Che cosa attendersi negli Stati del quadrante nord e subsahariano dopo la recente rielezione di Emmanuel Macron all’Eliseo? L’analisi di Alessandro Giuli

Che cosa attendersi negli Stati del quadrante nord e subsahariano dopo la recente rielezione di Emmanuel Macron all’Eliseo? La premessa è che esistono aspettative di vario genere su un cosiddetto macronismo 2.0, tale da marcare una discontinuità in politica interna – considerate le istanze elettorali inevase, trasversali e anti sistemiche, raggrumatesi intorno a Marine Le Pen e Jean-Luc Mélenchon – ma anche un cambio di passo sul fronte delle relazioni internazionali. Non sfugge peraltro il quadro di riferimento globale segnato dal conflitto russo-ucraino, il cui arco di crisi investe l’Africa su vari livelli strategici; a cominciare da quello energetico.

Riconosciuta l’eccezionalità del caso libico, che terremo fuori contesto, il punto di partenza generale è la constatazione di movimenti per così dire altalenanti che hanno caratterizzato il rapporto di Parigi con Rabat, Algeri e Tunisi negli ultimi anni. Una delle prime sfide del presidente riconfermato sarà quella di avviare un percorso di riconciliazione con l’Algeria, dopo un lungo periodo nel quale la liturgia della memoria dello Stato maghrebino si è scontrata a vario grado con la rigidità della Francia post coloniale che – proprio per bocca di Macron – ha messo in dubbio l’esistenza stessa di una nazione algerina prima dell’indipendenza del 1962, denunciando il presidente Abdelmajid Tebboune come l’ostaggio di un “sistema politico-militare”. In questo senso, il lavoro del ministro degli Esteri, Jean-Yves Le Drian, negli ultimi mesi ha però offerto prove d’una certa disponibilità a riavviare un dialogo bilaterale finalizzato a una riconciliazione.

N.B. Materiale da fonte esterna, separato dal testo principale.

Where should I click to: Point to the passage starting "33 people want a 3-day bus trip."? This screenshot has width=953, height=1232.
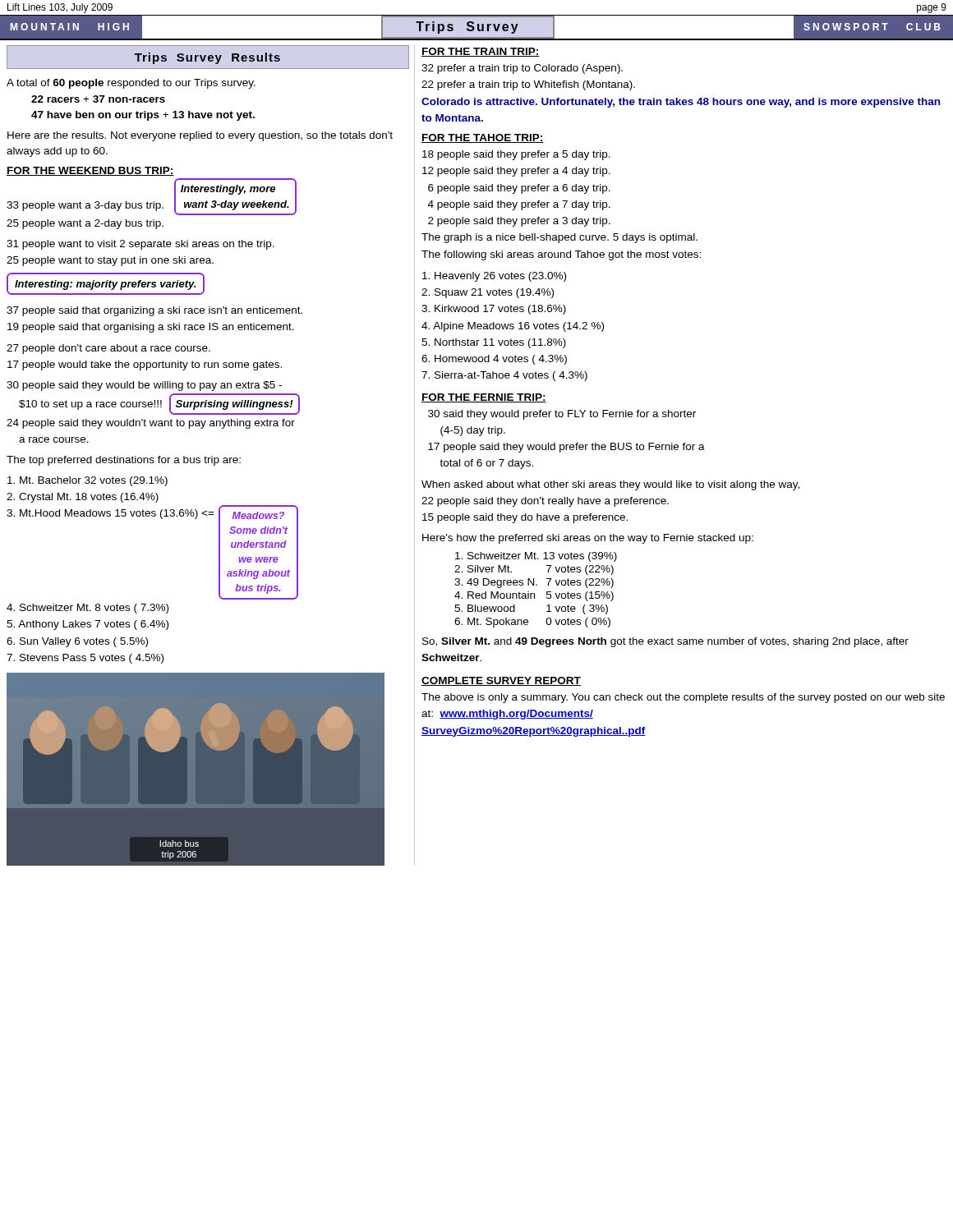point(151,204)
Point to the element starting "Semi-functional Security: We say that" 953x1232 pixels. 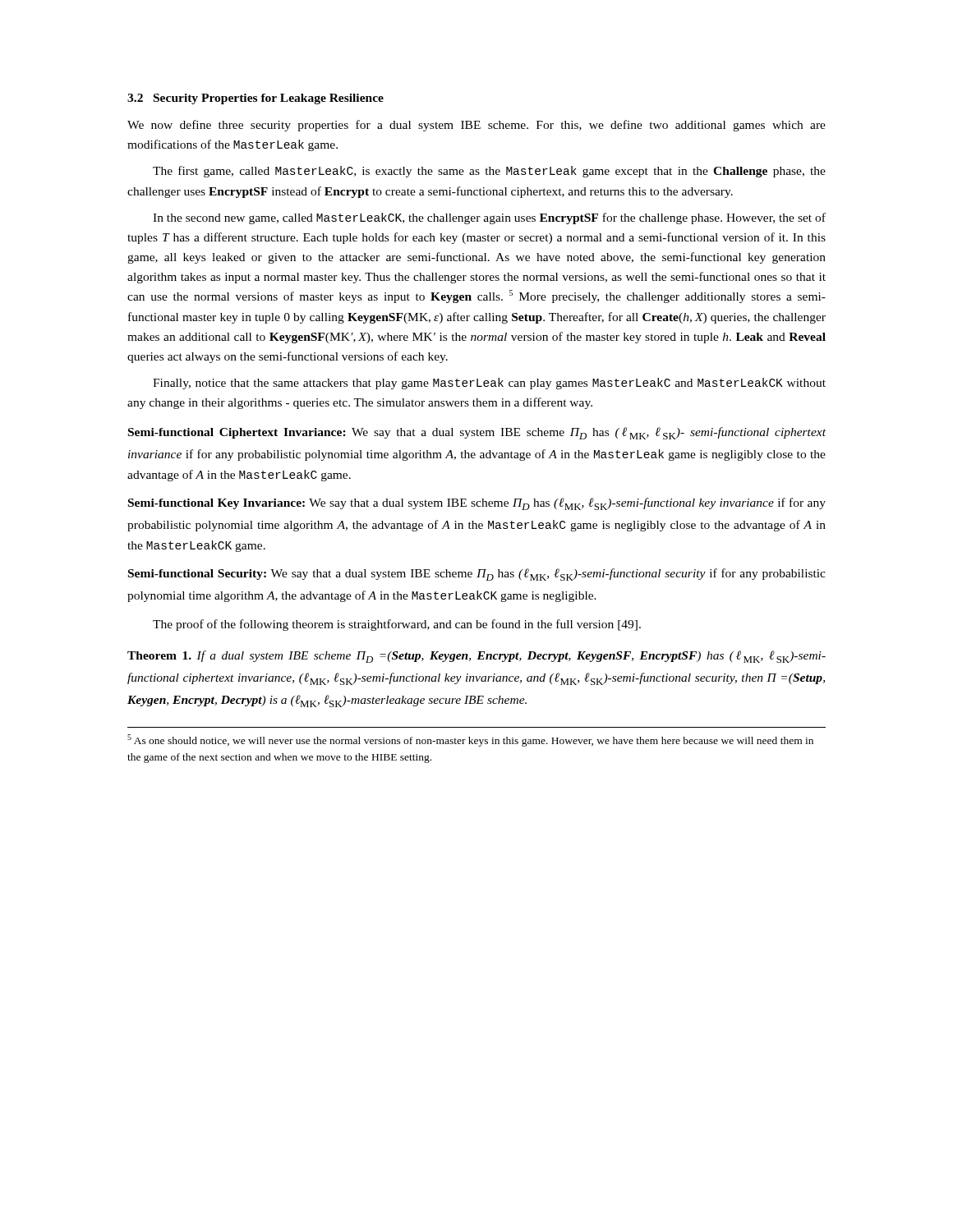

Quanto al Marocco, pienamente inserito nella cornice occidentale degli Accordi di Abramo, il discorso è più semplice: il possibile riconoscimento ufficiale della sovranità di Rabat sul Sahara conteso al Fronte Polisario dovrebbe fluidificare la posizione geostrategica della Francia rispetto al Regno di Mohammed VI. Cionondimeno da Macron ci si attende un ruolo di mediazione diplomatica non facile – la questione costituisce una materia incendiaria nei confronti di Algeri ed è all’origine della rottura diplomatica con la Spagna che si è allineata alla dottrina di Washington – eppure indispensabile, essendo peraltro la Francia al vertice (ne detiene la presidenza semestrale fino a giugno) di un’Unione europea che sul dossier Saharawi si è mossa finora in ordine sparso.

Ragionamento analogo si può fare circa la Tunisia, laddove la torsione autoritaria del capo di Stato Kaïs Saïed richiede anche uno sforzo di stabilizzazione da parte delle potenze impegnate nel Mediterraneo. Parigi continua a sollecitare un confronto aperto tra le parti in vista del referendum costituzionale di luglio, ma è decisamente lontana dalle tentazioni sanzionatorie esibite dal capo dell’eurodiplomazia Joseph Borrel e anzi prosegue nel lavoro di partenariato per sostenere l’economia tunisina sotto choc finanziario e la nascita di una nuova classe dirigente; come testimonia la sovvenzione di 4 milioni di euro appena giunta dall’Agenzia francese per lo sviluppo per la messa in opera d’un progetto di formazione scolastica ad ampio raggio.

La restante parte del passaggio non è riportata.